Research
A mutually exciting model for continuous-time networks
Abstract
Networks and temporal point processes serve as fundamental building blocks for modeling complex dynamic relational data in various domains. We propose the latent space Hawkes (LSH) model, a novel generative model for continuous-time networks of relational events, using a latent space representation for nodes. We model relational events between nodes using mutually exciting Hawkes processes with baseline intensities dependent upon the distances between the nodes in the latent space and sender and receiver specific effects. We demonstrate that our proposed LSH model can replicate many features observed in real temporal networks including reciprocity and transitivity, while also achieving superior prediction accuracy and providing more interpretable fits than existing models.
Motivition and Contributions
Latent space approach and Hawkes process models has been used in dynamic networks. To the best of our knowledge, there isn't much work on implementing latent space approach on continuous time relational data while it is common in real life. Yang et al. proposed a dual latent space model by utilizing multiple latent spaces to both homophily and reciprocity. It provides a richer model that also leads to improved link prediction accuracy. However, much of the interpretability of the latent space, which was the original motivation of the latent space model, is lost by using multiple high dimensional latent spaces.
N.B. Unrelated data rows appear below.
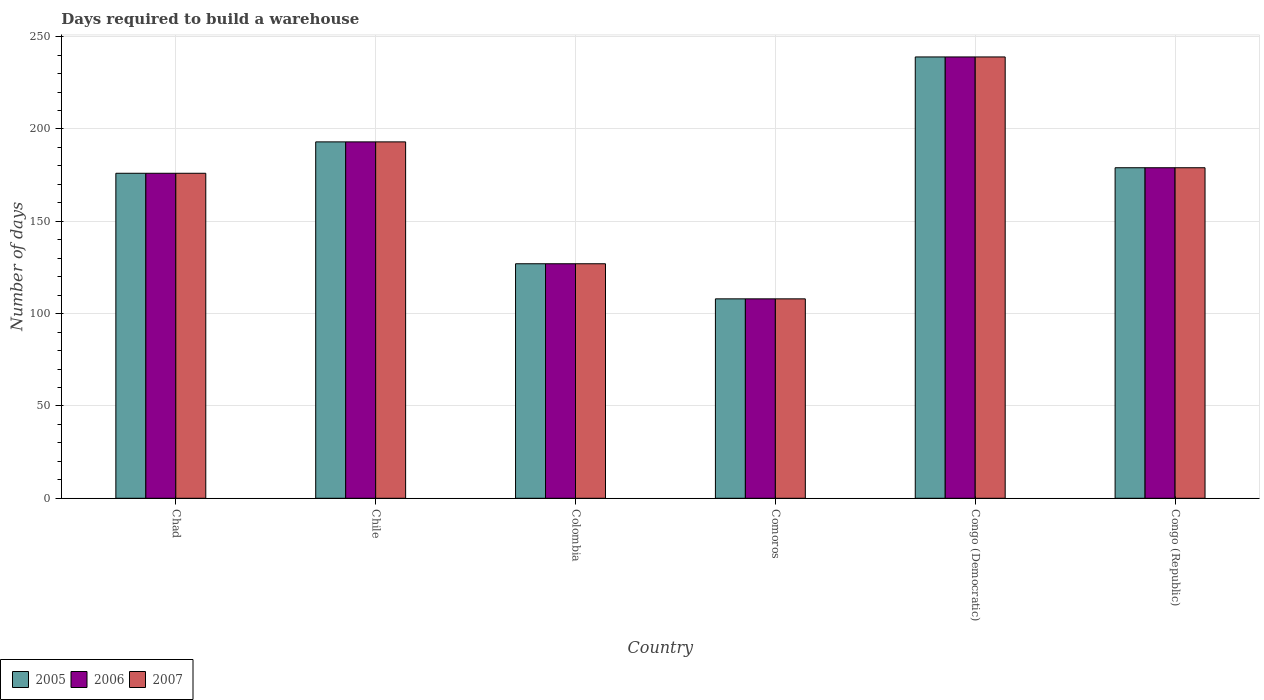How many different coloured bars are there?
Ensure brevity in your answer.  3. How many groups of bars are there?
Your response must be concise. 6. How many bars are there on the 4th tick from the left?
Your answer should be compact. 3. How many bars are there on the 6th tick from the right?
Your answer should be very brief. 3. What is the label of the 2nd group of bars from the left?
Provide a short and direct response. Chile. In how many cases, is the number of bars for a given country not equal to the number of legend labels?
Your response must be concise. 0. What is the days required to build a warehouse in in 2006 in Chile?
Keep it short and to the point. 193. Across all countries, what is the maximum days required to build a warehouse in in 2006?
Provide a succinct answer. 239. Across all countries, what is the minimum days required to build a warehouse in in 2005?
Provide a succinct answer. 108. In which country was the days required to build a warehouse in in 2007 maximum?
Give a very brief answer. Congo (Democratic). In which country was the days required to build a warehouse in in 2006 minimum?
Offer a terse response. Comoros. What is the total days required to build a warehouse in in 2005 in the graph?
Your answer should be compact. 1022. What is the difference between the days required to build a warehouse in in 2007 in Congo (Republic) and the days required to build a warehouse in in 2005 in Congo (Democratic)?
Provide a succinct answer. -60. What is the average days required to build a warehouse in in 2005 per country?
Provide a succinct answer. 170.33. What is the difference between the days required to build a warehouse in of/in 2007 and days required to build a warehouse in of/in 2006 in Colombia?
Give a very brief answer. 0. What is the ratio of the days required to build a warehouse in in 2006 in Chad to that in Colombia?
Your answer should be compact. 1.39. Is the days required to build a warehouse in in 2005 in Colombia less than that in Congo (Republic)?
Give a very brief answer. Yes. What is the difference between the highest and the lowest days required to build a warehouse in in 2006?
Your response must be concise. 131. In how many countries, is the days required to build a warehouse in in 2005 greater than the average days required to build a warehouse in in 2005 taken over all countries?
Offer a very short reply. 4. What does the 3rd bar from the left in Chile represents?
Offer a very short reply. 2007. What does the 3rd bar from the right in Chile represents?
Your response must be concise. 2005. Are all the bars in the graph horizontal?
Offer a terse response. No. Where does the legend appear in the graph?
Make the answer very short. Bottom left. How are the legend labels stacked?
Make the answer very short. Horizontal. What is the title of the graph?
Provide a succinct answer. Days required to build a warehouse. Does "2002" appear as one of the legend labels in the graph?
Keep it short and to the point. No. What is the label or title of the Y-axis?
Provide a succinct answer. Number of days. What is the Number of days of 2005 in Chad?
Offer a terse response. 176. What is the Number of days in 2006 in Chad?
Provide a short and direct response. 176. What is the Number of days in 2007 in Chad?
Provide a short and direct response. 176. What is the Number of days in 2005 in Chile?
Provide a short and direct response. 193. What is the Number of days in 2006 in Chile?
Ensure brevity in your answer.  193. What is the Number of days in 2007 in Chile?
Your answer should be very brief. 193. What is the Number of days in 2005 in Colombia?
Offer a very short reply. 127. What is the Number of days of 2006 in Colombia?
Make the answer very short. 127. What is the Number of days of 2007 in Colombia?
Your answer should be very brief. 127. What is the Number of days of 2005 in Comoros?
Your answer should be compact. 108. What is the Number of days in 2006 in Comoros?
Your answer should be very brief. 108. What is the Number of days of 2007 in Comoros?
Your response must be concise. 108. What is the Number of days in 2005 in Congo (Democratic)?
Make the answer very short. 239. What is the Number of days in 2006 in Congo (Democratic)?
Offer a very short reply. 239. What is the Number of days in 2007 in Congo (Democratic)?
Provide a short and direct response. 239. What is the Number of days of 2005 in Congo (Republic)?
Your answer should be very brief. 179. What is the Number of days of 2006 in Congo (Republic)?
Your answer should be compact. 179. What is the Number of days in 2007 in Congo (Republic)?
Make the answer very short. 179. Across all countries, what is the maximum Number of days in 2005?
Provide a succinct answer. 239. Across all countries, what is the maximum Number of days of 2006?
Your response must be concise. 239. Across all countries, what is the maximum Number of days of 2007?
Provide a succinct answer. 239. Across all countries, what is the minimum Number of days of 2005?
Provide a succinct answer. 108. Across all countries, what is the minimum Number of days of 2006?
Provide a short and direct response. 108. Across all countries, what is the minimum Number of days in 2007?
Your response must be concise. 108. What is the total Number of days in 2005 in the graph?
Provide a succinct answer. 1022. What is the total Number of days of 2006 in the graph?
Make the answer very short. 1022. What is the total Number of days of 2007 in the graph?
Offer a terse response. 1022. What is the difference between the Number of days in 2006 in Chad and that in Chile?
Provide a succinct answer. -17. What is the difference between the Number of days of 2006 in Chad and that in Colombia?
Make the answer very short. 49. What is the difference between the Number of days in 2005 in Chad and that in Congo (Democratic)?
Provide a succinct answer. -63. What is the difference between the Number of days in 2006 in Chad and that in Congo (Democratic)?
Your answer should be compact. -63. What is the difference between the Number of days in 2007 in Chad and that in Congo (Democratic)?
Offer a very short reply. -63. What is the difference between the Number of days of 2005 in Chad and that in Congo (Republic)?
Offer a terse response. -3. What is the difference between the Number of days of 2006 in Chad and that in Congo (Republic)?
Your answer should be very brief. -3. What is the difference between the Number of days of 2007 in Chad and that in Congo (Republic)?
Offer a terse response. -3. What is the difference between the Number of days in 2006 in Chile and that in Colombia?
Offer a very short reply. 66. What is the difference between the Number of days of 2006 in Chile and that in Comoros?
Make the answer very short. 85. What is the difference between the Number of days of 2005 in Chile and that in Congo (Democratic)?
Ensure brevity in your answer.  -46. What is the difference between the Number of days in 2006 in Chile and that in Congo (Democratic)?
Your answer should be compact. -46. What is the difference between the Number of days in 2007 in Chile and that in Congo (Democratic)?
Your response must be concise. -46. What is the difference between the Number of days of 2006 in Chile and that in Congo (Republic)?
Provide a succinct answer. 14. What is the difference between the Number of days of 2005 in Colombia and that in Congo (Democratic)?
Make the answer very short. -112. What is the difference between the Number of days in 2006 in Colombia and that in Congo (Democratic)?
Keep it short and to the point. -112. What is the difference between the Number of days of 2007 in Colombia and that in Congo (Democratic)?
Provide a succinct answer. -112. What is the difference between the Number of days in 2005 in Colombia and that in Congo (Republic)?
Ensure brevity in your answer.  -52. What is the difference between the Number of days in 2006 in Colombia and that in Congo (Republic)?
Keep it short and to the point. -52. What is the difference between the Number of days of 2007 in Colombia and that in Congo (Republic)?
Your answer should be compact. -52. What is the difference between the Number of days of 2005 in Comoros and that in Congo (Democratic)?
Offer a very short reply. -131. What is the difference between the Number of days in 2006 in Comoros and that in Congo (Democratic)?
Your answer should be very brief. -131. What is the difference between the Number of days in 2007 in Comoros and that in Congo (Democratic)?
Ensure brevity in your answer.  -131. What is the difference between the Number of days of 2005 in Comoros and that in Congo (Republic)?
Your response must be concise. -71. What is the difference between the Number of days in 2006 in Comoros and that in Congo (Republic)?
Offer a terse response. -71. What is the difference between the Number of days in 2007 in Comoros and that in Congo (Republic)?
Keep it short and to the point. -71. What is the difference between the Number of days of 2005 in Congo (Democratic) and that in Congo (Republic)?
Keep it short and to the point. 60. What is the difference between the Number of days in 2007 in Congo (Democratic) and that in Congo (Republic)?
Make the answer very short. 60. What is the difference between the Number of days of 2005 in Chad and the Number of days of 2007 in Chile?
Offer a terse response. -17. What is the difference between the Number of days in 2005 in Chad and the Number of days in 2007 in Colombia?
Make the answer very short. 49. What is the difference between the Number of days in 2006 in Chad and the Number of days in 2007 in Colombia?
Give a very brief answer. 49. What is the difference between the Number of days in 2005 in Chad and the Number of days in 2006 in Congo (Democratic)?
Your response must be concise. -63. What is the difference between the Number of days in 2005 in Chad and the Number of days in 2007 in Congo (Democratic)?
Offer a very short reply. -63. What is the difference between the Number of days in 2006 in Chad and the Number of days in 2007 in Congo (Democratic)?
Your answer should be compact. -63. What is the difference between the Number of days of 2005 in Chile and the Number of days of 2006 in Colombia?
Make the answer very short. 66. What is the difference between the Number of days in 2005 in Chile and the Number of days in 2007 in Colombia?
Offer a terse response. 66. What is the difference between the Number of days of 2005 in Chile and the Number of days of 2006 in Comoros?
Provide a short and direct response. 85. What is the difference between the Number of days in 2006 in Chile and the Number of days in 2007 in Comoros?
Offer a very short reply. 85. What is the difference between the Number of days of 2005 in Chile and the Number of days of 2006 in Congo (Democratic)?
Give a very brief answer. -46. What is the difference between the Number of days in 2005 in Chile and the Number of days in 2007 in Congo (Democratic)?
Keep it short and to the point. -46. What is the difference between the Number of days in 2006 in Chile and the Number of days in 2007 in Congo (Democratic)?
Provide a short and direct response. -46. What is the difference between the Number of days of 2005 in Chile and the Number of days of 2007 in Congo (Republic)?
Offer a terse response. 14. What is the difference between the Number of days of 2005 in Colombia and the Number of days of 2006 in Comoros?
Give a very brief answer. 19. What is the difference between the Number of days of 2005 in Colombia and the Number of days of 2007 in Comoros?
Provide a short and direct response. 19. What is the difference between the Number of days in 2006 in Colombia and the Number of days in 2007 in Comoros?
Provide a succinct answer. 19. What is the difference between the Number of days in 2005 in Colombia and the Number of days in 2006 in Congo (Democratic)?
Keep it short and to the point. -112. What is the difference between the Number of days in 2005 in Colombia and the Number of days in 2007 in Congo (Democratic)?
Provide a succinct answer. -112. What is the difference between the Number of days in 2006 in Colombia and the Number of days in 2007 in Congo (Democratic)?
Ensure brevity in your answer.  -112. What is the difference between the Number of days in 2005 in Colombia and the Number of days in 2006 in Congo (Republic)?
Make the answer very short. -52. What is the difference between the Number of days of 2005 in Colombia and the Number of days of 2007 in Congo (Republic)?
Provide a short and direct response. -52. What is the difference between the Number of days of 2006 in Colombia and the Number of days of 2007 in Congo (Republic)?
Provide a short and direct response. -52. What is the difference between the Number of days in 2005 in Comoros and the Number of days in 2006 in Congo (Democratic)?
Keep it short and to the point. -131. What is the difference between the Number of days of 2005 in Comoros and the Number of days of 2007 in Congo (Democratic)?
Ensure brevity in your answer.  -131. What is the difference between the Number of days of 2006 in Comoros and the Number of days of 2007 in Congo (Democratic)?
Ensure brevity in your answer.  -131. What is the difference between the Number of days of 2005 in Comoros and the Number of days of 2006 in Congo (Republic)?
Your answer should be very brief. -71. What is the difference between the Number of days in 2005 in Comoros and the Number of days in 2007 in Congo (Republic)?
Your answer should be compact. -71. What is the difference between the Number of days in 2006 in Comoros and the Number of days in 2007 in Congo (Republic)?
Offer a terse response. -71. What is the difference between the Number of days of 2005 in Congo (Democratic) and the Number of days of 2006 in Congo (Republic)?
Keep it short and to the point. 60. What is the difference between the Number of days in 2005 in Congo (Democratic) and the Number of days in 2007 in Congo (Republic)?
Give a very brief answer. 60. What is the average Number of days in 2005 per country?
Your answer should be compact. 170.33. What is the average Number of days in 2006 per country?
Provide a succinct answer. 170.33. What is the average Number of days in 2007 per country?
Keep it short and to the point. 170.33. What is the difference between the Number of days in 2005 and Number of days in 2007 in Chad?
Your response must be concise. 0. What is the difference between the Number of days of 2005 and Number of days of 2006 in Colombia?
Your answer should be compact. 0. What is the difference between the Number of days of 2006 and Number of days of 2007 in Colombia?
Your answer should be very brief. 0. What is the difference between the Number of days in 2005 and Number of days in 2006 in Comoros?
Provide a short and direct response. 0. What is the difference between the Number of days in 2006 and Number of days in 2007 in Comoros?
Keep it short and to the point. 0. What is the difference between the Number of days of 2005 and Number of days of 2006 in Congo (Democratic)?
Give a very brief answer. 0. What is the difference between the Number of days of 2006 and Number of days of 2007 in Congo (Democratic)?
Ensure brevity in your answer.  0. What is the difference between the Number of days in 2005 and Number of days in 2006 in Congo (Republic)?
Provide a succinct answer. 0. What is the difference between the Number of days of 2006 and Number of days of 2007 in Congo (Republic)?
Provide a short and direct response. 0. What is the ratio of the Number of days of 2005 in Chad to that in Chile?
Provide a succinct answer. 0.91. What is the ratio of the Number of days in 2006 in Chad to that in Chile?
Offer a terse response. 0.91. What is the ratio of the Number of days of 2007 in Chad to that in Chile?
Your answer should be very brief. 0.91. What is the ratio of the Number of days in 2005 in Chad to that in Colombia?
Your answer should be very brief. 1.39. What is the ratio of the Number of days in 2006 in Chad to that in Colombia?
Offer a terse response. 1.39. What is the ratio of the Number of days in 2007 in Chad to that in Colombia?
Your answer should be compact. 1.39. What is the ratio of the Number of days in 2005 in Chad to that in Comoros?
Make the answer very short. 1.63. What is the ratio of the Number of days of 2006 in Chad to that in Comoros?
Provide a short and direct response. 1.63. What is the ratio of the Number of days in 2007 in Chad to that in Comoros?
Provide a succinct answer. 1.63. What is the ratio of the Number of days of 2005 in Chad to that in Congo (Democratic)?
Offer a terse response. 0.74. What is the ratio of the Number of days of 2006 in Chad to that in Congo (Democratic)?
Ensure brevity in your answer.  0.74. What is the ratio of the Number of days in 2007 in Chad to that in Congo (Democratic)?
Your response must be concise. 0.74. What is the ratio of the Number of days of 2005 in Chad to that in Congo (Republic)?
Offer a very short reply. 0.98. What is the ratio of the Number of days in 2006 in Chad to that in Congo (Republic)?
Your answer should be compact. 0.98. What is the ratio of the Number of days in 2007 in Chad to that in Congo (Republic)?
Ensure brevity in your answer.  0.98. What is the ratio of the Number of days in 2005 in Chile to that in Colombia?
Provide a succinct answer. 1.52. What is the ratio of the Number of days of 2006 in Chile to that in Colombia?
Ensure brevity in your answer.  1.52. What is the ratio of the Number of days of 2007 in Chile to that in Colombia?
Provide a succinct answer. 1.52. What is the ratio of the Number of days in 2005 in Chile to that in Comoros?
Offer a very short reply. 1.79. What is the ratio of the Number of days of 2006 in Chile to that in Comoros?
Your answer should be compact. 1.79. What is the ratio of the Number of days in 2007 in Chile to that in Comoros?
Make the answer very short. 1.79. What is the ratio of the Number of days in 2005 in Chile to that in Congo (Democratic)?
Your answer should be compact. 0.81. What is the ratio of the Number of days in 2006 in Chile to that in Congo (Democratic)?
Make the answer very short. 0.81. What is the ratio of the Number of days of 2007 in Chile to that in Congo (Democratic)?
Make the answer very short. 0.81. What is the ratio of the Number of days of 2005 in Chile to that in Congo (Republic)?
Offer a terse response. 1.08. What is the ratio of the Number of days in 2006 in Chile to that in Congo (Republic)?
Ensure brevity in your answer.  1.08. What is the ratio of the Number of days of 2007 in Chile to that in Congo (Republic)?
Offer a very short reply. 1.08. What is the ratio of the Number of days of 2005 in Colombia to that in Comoros?
Offer a very short reply. 1.18. What is the ratio of the Number of days in 2006 in Colombia to that in Comoros?
Provide a succinct answer. 1.18. What is the ratio of the Number of days in 2007 in Colombia to that in Comoros?
Your answer should be compact. 1.18. What is the ratio of the Number of days of 2005 in Colombia to that in Congo (Democratic)?
Keep it short and to the point. 0.53. What is the ratio of the Number of days of 2006 in Colombia to that in Congo (Democratic)?
Keep it short and to the point. 0.53. What is the ratio of the Number of days in 2007 in Colombia to that in Congo (Democratic)?
Your answer should be compact. 0.53. What is the ratio of the Number of days of 2005 in Colombia to that in Congo (Republic)?
Make the answer very short. 0.71. What is the ratio of the Number of days in 2006 in Colombia to that in Congo (Republic)?
Your response must be concise. 0.71. What is the ratio of the Number of days of 2007 in Colombia to that in Congo (Republic)?
Your answer should be compact. 0.71. What is the ratio of the Number of days of 2005 in Comoros to that in Congo (Democratic)?
Give a very brief answer. 0.45. What is the ratio of the Number of days of 2006 in Comoros to that in Congo (Democratic)?
Provide a short and direct response. 0.45. What is the ratio of the Number of days of 2007 in Comoros to that in Congo (Democratic)?
Your answer should be compact. 0.45. What is the ratio of the Number of days in 2005 in Comoros to that in Congo (Republic)?
Your answer should be very brief. 0.6. What is the ratio of the Number of days of 2006 in Comoros to that in Congo (Republic)?
Your response must be concise. 0.6. What is the ratio of the Number of days in 2007 in Comoros to that in Congo (Republic)?
Provide a short and direct response. 0.6. What is the ratio of the Number of days in 2005 in Congo (Democratic) to that in Congo (Republic)?
Keep it short and to the point. 1.34. What is the ratio of the Number of days of 2006 in Congo (Democratic) to that in Congo (Republic)?
Your response must be concise. 1.34. What is the ratio of the Number of days in 2007 in Congo (Democratic) to that in Congo (Republic)?
Offer a very short reply. 1.34. What is the difference between the highest and the second highest Number of days in 2006?
Offer a terse response. 46. What is the difference between the highest and the lowest Number of days in 2005?
Offer a very short reply. 131. What is the difference between the highest and the lowest Number of days of 2006?
Make the answer very short. 131. What is the difference between the highest and the lowest Number of days of 2007?
Keep it short and to the point. 131.

We consider using a single latent space representation to provide a more interpretable model. The single latent space limits the flexibility of the model compared to the DLS, so we increase flexibility by adding self excitation and sender and receiver effects. We demonstrate that our proposed latent space Hawkes (LSH) model is competitive with other models in predictive and generative tasks on 4 real network datasets while providing more interpretable and stable model fits.
Results
Fig. 1 2-D latent space plot for MID data. Countries with higher frequent incidents tend to be placed closer together (this is zoomed version).
Fig. 2 2-D latent space plot for MID data. Countries in the same continent tend to be clustered together. (zoomed version can be found in our full paper)
Case study on MID dataset
We apply our proposed LSH model to explore the Militarized Interstate Disputes (MID) incident network, a real continuous-time network consisting of timestamped edges that correspond to individual incidents in disputes between countries. As negative relationships are indicated by incidents in the MID network, we might expect the network to be disassortative.
The most active nodes appear centrally, and the node pairs with the most frequent incidents tend to be close together. In the figure, colored nodes and pairs with arrows indicate countries with the most incidents in the dataset, such as Israel (ISR) and Lebanon (LEB), whose latent positions are close together, which makes sense given their high number of incidents in the dataset.
Additionally, countries that are geographically close do mostly appear close together in the latent space. This can be seen from Figure 2, where nodes are colored by continent.
We can also modify the LSH model to make the relationships between latent node positions and relations to be assortative where it has positive relationships. In this case, node pairs with the most frequent incidents now tend to be far apart. For example, Israel and Lebanon will be placed on opposite sides of the latent space. More discussion can be found in our full paper.
Prediction Accuracy
Tasks:
Future events prediction (mean test log-likelihood).
Dynamic link prediction: predict whether an edge appearing between each pair of nodes in the test (future) period by computing AUC according to the predicted probabilities given by the model.
DLS does not scale to the FB-forum data. CTDNE is not generative so test loglikelihood is not applicable. We can see in both tasks, our LSH outperforms the other models on most datasets.
Table 2: Evaluation metrics for predictive accuracy on real network datasets. Bold entry denotes highest accuracy for each metric on a dataset. Test log-lik. shows the mean test set log-likelihood per event and the number of latent dimensions d or blocks K that maximize it. The AUC column shows the mean (standard deviation) of the AUC across 100 time points for dynamic link prediction.